Era frequente eu ficar sozinha nos domingos. Minhas companheiras de república iam visitar os pais. Aos sábados à noite, saíamos para cervejas e azaração nos botecos da Vila Madalena, que naquela época era um bairro ainda meio residencial, com botecos baratos para estudantes. Anos antigos em que só existiam duas cervejas: Brahma e Antarctica. Por algum vestígio nacionalista, a Antarctica era que representava nosso modo de ser.

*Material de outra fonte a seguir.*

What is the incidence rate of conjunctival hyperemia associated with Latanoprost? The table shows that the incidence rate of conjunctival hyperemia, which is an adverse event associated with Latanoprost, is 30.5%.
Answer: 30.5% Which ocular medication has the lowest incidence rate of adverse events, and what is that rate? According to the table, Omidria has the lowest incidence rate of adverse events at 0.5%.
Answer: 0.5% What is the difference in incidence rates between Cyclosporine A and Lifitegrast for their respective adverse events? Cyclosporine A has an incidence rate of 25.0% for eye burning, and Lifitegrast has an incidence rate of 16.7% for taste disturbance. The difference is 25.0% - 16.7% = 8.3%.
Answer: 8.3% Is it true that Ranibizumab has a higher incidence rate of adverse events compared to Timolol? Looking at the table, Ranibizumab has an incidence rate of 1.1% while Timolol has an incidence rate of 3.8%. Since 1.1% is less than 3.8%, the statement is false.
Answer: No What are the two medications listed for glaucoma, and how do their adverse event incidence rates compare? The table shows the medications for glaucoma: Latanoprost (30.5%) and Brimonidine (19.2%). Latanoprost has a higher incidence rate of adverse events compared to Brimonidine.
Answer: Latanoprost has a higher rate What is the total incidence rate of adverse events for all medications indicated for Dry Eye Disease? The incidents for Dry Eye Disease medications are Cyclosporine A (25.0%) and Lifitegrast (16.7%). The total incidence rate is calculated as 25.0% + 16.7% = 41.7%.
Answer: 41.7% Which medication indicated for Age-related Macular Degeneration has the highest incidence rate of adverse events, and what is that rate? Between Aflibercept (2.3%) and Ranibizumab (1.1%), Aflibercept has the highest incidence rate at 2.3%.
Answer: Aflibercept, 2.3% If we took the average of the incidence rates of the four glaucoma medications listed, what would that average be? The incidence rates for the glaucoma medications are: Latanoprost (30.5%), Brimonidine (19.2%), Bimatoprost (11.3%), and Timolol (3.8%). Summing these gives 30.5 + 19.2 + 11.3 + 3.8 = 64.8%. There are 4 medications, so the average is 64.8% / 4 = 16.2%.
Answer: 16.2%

No domingo, quando minhas amigas saíam para seus almoços de família, eu ligava o rádio. Minha preferida tocava Rap nacional (era SP, anos 1990). Às vezes eu trocava para a rádio Cultura, e foi lá que ouvi um especial com poemas de Rubén Darío declamados por uma atriz argentina. Desde os primeiros versos, aquilo me pareceu tão forte que coloquei uma fita para gravar, no aparelho três-em-um. Ouvi e reouvi dezenas de vezes a voz veterana:
Dichoso el árbol que es apenas sensitivo,
y más la piedra dura, porque ésa ya no siente…
A cadência ficou gravada em mim. E ressurge hoje quando, numa arrumação, abro minha velha pasta de arquivos da faculdade. Entre os xerox amarelados, uma folha impressa com Cantos de vida y esperanza. Letrinhas de impressora matricial — devem ser do meu primeiro computador, lá pelos fins de 1997. Procurei o poema, com ansiedade, ao descobrir no raiar da internet que poderíamos recuperar nossos elos culturais perdidos (minha amiga decidiu morar na Inglaterra, levou emprestada minha fita e nunca devolveu).

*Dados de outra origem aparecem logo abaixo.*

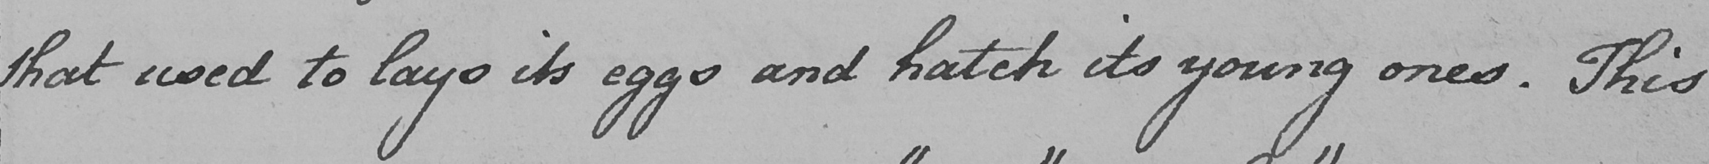What is written in this line of handwriting? that used to lays its eggs and hatch its young ones . This 
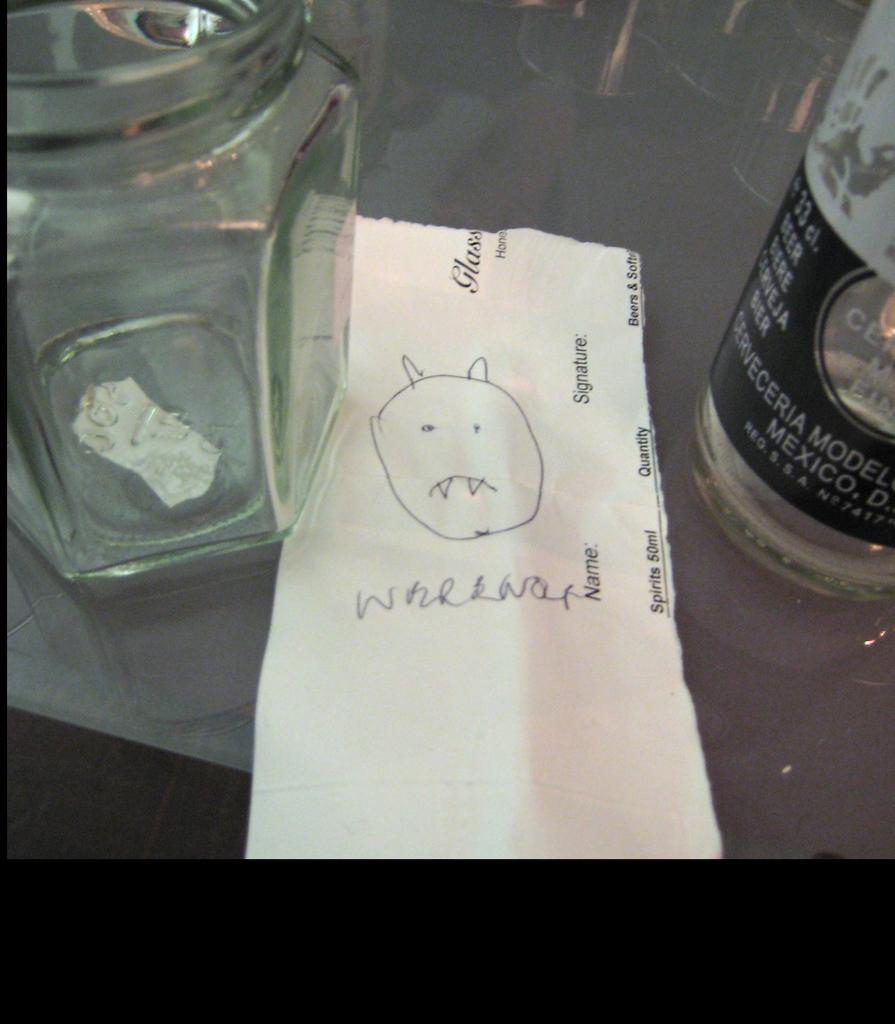What is located on the left side of the image? There is a jar on the left side of the image. What is on the opposite side of the image? There is a bottle on the right side of the image. What is in the middle of the image? There is a paper in the middle of the image. What can be seen on the paper? There are doodles on the paper. How many kittens are playing with the doodles on the paper? There are no kittens present in the image; it only features a jar, a bottle, a paper, and doodles. What type of shock can be seen in the image? There is no shock present in the image; it only features a jar, a bottle, a paper, and doodles.

De alma recomposta, reencontrei Rubén Darío na internet:
muy siglo diez y ocho y muy antiguo
y muy moderno; audaz, cosmopolita;
con Hugo fuerte y con Verlaine ambiguo…
Acreditei profundamente nesse poema, ao mesmo tempo autobiografia simbólica e manifesto poético: “Por eso ser sincero es ser potente…”. Relendo, hoje, reconheço os versos com que tanto me identifiquei:
Yo supe del dolor desde mi infancia,
mi Juventud… ¿fue juventud la mía?
Sobre o nicaraguense Darío, diz a Wikipédia: “iniciador e máximo representante do Modernismo literário em língua espanhola”. Que modernismo estranho é esse, para quem estudou na escola o Modernismo de 1922.
Nunca parei para investigar as raízes francesas dessa lírica simbolista. Muita energia masculina, Europa demais. Houve um momento, no início dos anos 2000, que decidi esquecer os estrangeiros, e me concentrar no samba da velha guarda e em nossa imaginação tropicalista. De Darío, me mantive fiel aos meus versos preferidos:
La virtud está en ser tranquilo y fuerte…

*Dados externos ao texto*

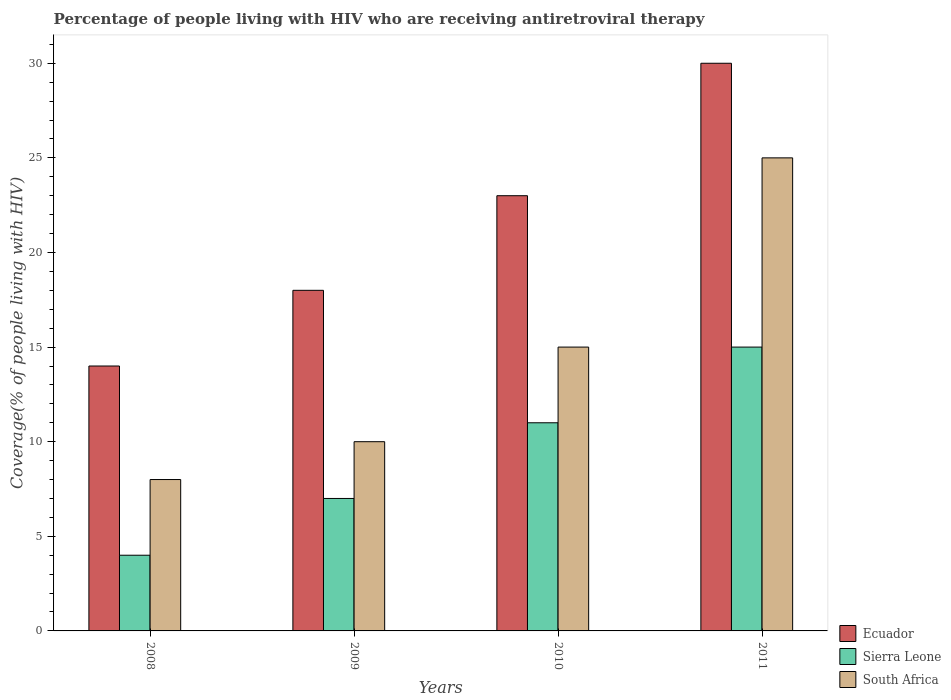How many different coloured bars are there?
Give a very brief answer. 3. How many bars are there on the 4th tick from the left?
Give a very brief answer. 3. How many bars are there on the 1st tick from the right?
Provide a short and direct response. 3. What is the percentage of the HIV infected people who are receiving antiretroviral therapy in Ecuador in 2009?
Your answer should be very brief. 18. Across all years, what is the maximum percentage of the HIV infected people who are receiving antiretroviral therapy in Ecuador?
Offer a terse response. 30. Across all years, what is the minimum percentage of the HIV infected people who are receiving antiretroviral therapy in Ecuador?
Ensure brevity in your answer.  14. In which year was the percentage of the HIV infected people who are receiving antiretroviral therapy in South Africa maximum?
Keep it short and to the point. 2011. What is the total percentage of the HIV infected people who are receiving antiretroviral therapy in Sierra Leone in the graph?
Offer a very short reply. 37. What is the difference between the percentage of the HIV infected people who are receiving antiretroviral therapy in Ecuador in 2008 and that in 2011?
Offer a terse response. -16. What is the difference between the percentage of the HIV infected people who are receiving antiretroviral therapy in Ecuador in 2011 and the percentage of the HIV infected people who are receiving antiretroviral therapy in South Africa in 2009?
Ensure brevity in your answer.  20. What is the average percentage of the HIV infected people who are receiving antiretroviral therapy in Sierra Leone per year?
Offer a very short reply. 9.25. In the year 2010, what is the difference between the percentage of the HIV infected people who are receiving antiretroviral therapy in South Africa and percentage of the HIV infected people who are receiving antiretroviral therapy in Ecuador?
Keep it short and to the point. -8. What is the ratio of the percentage of the HIV infected people who are receiving antiretroviral therapy in Ecuador in 2010 to that in 2011?
Make the answer very short. 0.77. Is the difference between the percentage of the HIV infected people who are receiving antiretroviral therapy in South Africa in 2008 and 2011 greater than the difference between the percentage of the HIV infected people who are receiving antiretroviral therapy in Ecuador in 2008 and 2011?
Your answer should be compact. No. What is the difference between the highest and the second highest percentage of the HIV infected people who are receiving antiretroviral therapy in Ecuador?
Your response must be concise. 7. What is the difference between the highest and the lowest percentage of the HIV infected people who are receiving antiretroviral therapy in Sierra Leone?
Offer a terse response. 11. In how many years, is the percentage of the HIV infected people who are receiving antiretroviral therapy in Ecuador greater than the average percentage of the HIV infected people who are receiving antiretroviral therapy in Ecuador taken over all years?
Provide a short and direct response. 2. Is the sum of the percentage of the HIV infected people who are receiving antiretroviral therapy in Ecuador in 2010 and 2011 greater than the maximum percentage of the HIV infected people who are receiving antiretroviral therapy in South Africa across all years?
Offer a very short reply. Yes. What does the 2nd bar from the left in 2009 represents?
Offer a very short reply. Sierra Leone. What does the 1st bar from the right in 2009 represents?
Ensure brevity in your answer.  South Africa. Is it the case that in every year, the sum of the percentage of the HIV infected people who are receiving antiretroviral therapy in Sierra Leone and percentage of the HIV infected people who are receiving antiretroviral therapy in South Africa is greater than the percentage of the HIV infected people who are receiving antiretroviral therapy in Ecuador?
Ensure brevity in your answer.  No. Does the graph contain any zero values?
Provide a short and direct response. No. Does the graph contain grids?
Your response must be concise. No. What is the title of the graph?
Keep it short and to the point. Percentage of people living with HIV who are receiving antiretroviral therapy. What is the label or title of the X-axis?
Keep it short and to the point. Years. What is the label or title of the Y-axis?
Provide a succinct answer. Coverage(% of people living with HIV). What is the Coverage(% of people living with HIV) of Ecuador in 2008?
Provide a succinct answer. 14. What is the Coverage(% of people living with HIV) of Sierra Leone in 2008?
Make the answer very short. 4. What is the Coverage(% of people living with HIV) of Sierra Leone in 2009?
Give a very brief answer. 7. What is the Coverage(% of people living with HIV) in South Africa in 2009?
Your answer should be compact. 10. What is the Coverage(% of people living with HIV) in South Africa in 2010?
Offer a terse response. 15. Across all years, what is the maximum Coverage(% of people living with HIV) of Ecuador?
Offer a very short reply. 30. Across all years, what is the maximum Coverage(% of people living with HIV) of Sierra Leone?
Your answer should be compact. 15. Across all years, what is the maximum Coverage(% of people living with HIV) in South Africa?
Ensure brevity in your answer.  25. Across all years, what is the minimum Coverage(% of people living with HIV) in Ecuador?
Your answer should be very brief. 14. Across all years, what is the minimum Coverage(% of people living with HIV) of South Africa?
Offer a very short reply. 8. What is the total Coverage(% of people living with HIV) of Ecuador in the graph?
Provide a short and direct response. 85. What is the total Coverage(% of people living with HIV) of Sierra Leone in the graph?
Offer a very short reply. 37. What is the total Coverage(% of people living with HIV) of South Africa in the graph?
Your answer should be compact. 58. What is the difference between the Coverage(% of people living with HIV) in Ecuador in 2008 and that in 2010?
Keep it short and to the point. -9. What is the difference between the Coverage(% of people living with HIV) of Sierra Leone in 2008 and that in 2010?
Offer a very short reply. -7. What is the difference between the Coverage(% of people living with HIV) in South Africa in 2008 and that in 2010?
Offer a terse response. -7. What is the difference between the Coverage(% of people living with HIV) in South Africa in 2009 and that in 2010?
Offer a very short reply. -5. What is the difference between the Coverage(% of people living with HIV) in Ecuador in 2009 and that in 2011?
Offer a terse response. -12. What is the difference between the Coverage(% of people living with HIV) in Sierra Leone in 2009 and that in 2011?
Your answer should be very brief. -8. What is the difference between the Coverage(% of people living with HIV) of Sierra Leone in 2010 and that in 2011?
Keep it short and to the point. -4. What is the difference between the Coverage(% of people living with HIV) of South Africa in 2010 and that in 2011?
Your answer should be compact. -10. What is the difference between the Coverage(% of people living with HIV) of Ecuador in 2008 and the Coverage(% of people living with HIV) of South Africa in 2009?
Your answer should be compact. 4. What is the difference between the Coverage(% of people living with HIV) of Sierra Leone in 2008 and the Coverage(% of people living with HIV) of South Africa in 2009?
Your answer should be compact. -6. What is the difference between the Coverage(% of people living with HIV) of Ecuador in 2008 and the Coverage(% of people living with HIV) of Sierra Leone in 2010?
Ensure brevity in your answer.  3. What is the difference between the Coverage(% of people living with HIV) of Ecuador in 2008 and the Coverage(% of people living with HIV) of South Africa in 2010?
Provide a succinct answer. -1. What is the difference between the Coverage(% of people living with HIV) in Sierra Leone in 2008 and the Coverage(% of people living with HIV) in South Africa in 2010?
Provide a short and direct response. -11. What is the difference between the Coverage(% of people living with HIV) in Ecuador in 2008 and the Coverage(% of people living with HIV) in South Africa in 2011?
Your answer should be very brief. -11. What is the difference between the Coverage(% of people living with HIV) of Ecuador in 2009 and the Coverage(% of people living with HIV) of South Africa in 2010?
Offer a terse response. 3. What is the difference between the Coverage(% of people living with HIV) of Sierra Leone in 2009 and the Coverage(% of people living with HIV) of South Africa in 2010?
Provide a short and direct response. -8. What is the difference between the Coverage(% of people living with HIV) of Ecuador in 2010 and the Coverage(% of people living with HIV) of Sierra Leone in 2011?
Provide a succinct answer. 8. What is the difference between the Coverage(% of people living with HIV) of Sierra Leone in 2010 and the Coverage(% of people living with HIV) of South Africa in 2011?
Give a very brief answer. -14. What is the average Coverage(% of people living with HIV) in Ecuador per year?
Your answer should be compact. 21.25. What is the average Coverage(% of people living with HIV) of Sierra Leone per year?
Make the answer very short. 9.25. In the year 2008, what is the difference between the Coverage(% of people living with HIV) of Ecuador and Coverage(% of people living with HIV) of Sierra Leone?
Ensure brevity in your answer.  10. In the year 2009, what is the difference between the Coverage(% of people living with HIV) of Ecuador and Coverage(% of people living with HIV) of Sierra Leone?
Make the answer very short. 11. In the year 2009, what is the difference between the Coverage(% of people living with HIV) of Ecuador and Coverage(% of people living with HIV) of South Africa?
Ensure brevity in your answer.  8. In the year 2010, what is the difference between the Coverage(% of people living with HIV) in Ecuador and Coverage(% of people living with HIV) in Sierra Leone?
Keep it short and to the point. 12. In the year 2010, what is the difference between the Coverage(% of people living with HIV) of Sierra Leone and Coverage(% of people living with HIV) of South Africa?
Your answer should be very brief. -4. In the year 2011, what is the difference between the Coverage(% of people living with HIV) in Ecuador and Coverage(% of people living with HIV) in South Africa?
Provide a succinct answer. 5. In the year 2011, what is the difference between the Coverage(% of people living with HIV) of Sierra Leone and Coverage(% of people living with HIV) of South Africa?
Your response must be concise. -10. What is the ratio of the Coverage(% of people living with HIV) in Ecuador in 2008 to that in 2009?
Give a very brief answer. 0.78. What is the ratio of the Coverage(% of people living with HIV) in Sierra Leone in 2008 to that in 2009?
Offer a terse response. 0.57. What is the ratio of the Coverage(% of people living with HIV) of South Africa in 2008 to that in 2009?
Make the answer very short. 0.8. What is the ratio of the Coverage(% of people living with HIV) in Ecuador in 2008 to that in 2010?
Offer a terse response. 0.61. What is the ratio of the Coverage(% of people living with HIV) in Sierra Leone in 2008 to that in 2010?
Give a very brief answer. 0.36. What is the ratio of the Coverage(% of people living with HIV) of South Africa in 2008 to that in 2010?
Keep it short and to the point. 0.53. What is the ratio of the Coverage(% of people living with HIV) in Ecuador in 2008 to that in 2011?
Offer a very short reply. 0.47. What is the ratio of the Coverage(% of people living with HIV) in Sierra Leone in 2008 to that in 2011?
Ensure brevity in your answer.  0.27. What is the ratio of the Coverage(% of people living with HIV) in South Africa in 2008 to that in 2011?
Offer a very short reply. 0.32. What is the ratio of the Coverage(% of people living with HIV) in Ecuador in 2009 to that in 2010?
Your answer should be very brief. 0.78. What is the ratio of the Coverage(% of people living with HIV) in Sierra Leone in 2009 to that in 2010?
Your response must be concise. 0.64. What is the ratio of the Coverage(% of people living with HIV) of Sierra Leone in 2009 to that in 2011?
Ensure brevity in your answer.  0.47. What is the ratio of the Coverage(% of people living with HIV) in South Africa in 2009 to that in 2011?
Offer a terse response. 0.4. What is the ratio of the Coverage(% of people living with HIV) in Ecuador in 2010 to that in 2011?
Ensure brevity in your answer.  0.77. What is the ratio of the Coverage(% of people living with HIV) of Sierra Leone in 2010 to that in 2011?
Offer a terse response. 0.73. What is the ratio of the Coverage(% of people living with HIV) in South Africa in 2010 to that in 2011?
Your answer should be very brief. 0.6. What is the difference between the highest and the second highest Coverage(% of people living with HIV) of Ecuador?
Provide a succinct answer. 7. What is the difference between the highest and the second highest Coverage(% of people living with HIV) of Sierra Leone?
Offer a very short reply. 4. What is the difference between the highest and the second highest Coverage(% of people living with HIV) in South Africa?
Offer a terse response. 10. What is the difference between the highest and the lowest Coverage(% of people living with HIV) of South Africa?
Your answer should be very brief. 17.

la vida es misterio; la luz ciega
y la verdad inaccesible asombra…
Traduzo para palavras familiares, embora nem seja necessário: a vida é mistério, a luz nos cega e a verdade inacessível nos assombra… a virtude está em ser tranquila e forte.
Ou, como cantava Walter Franco, “a mente quieta, a espinha ereta e o coração tranquilo”.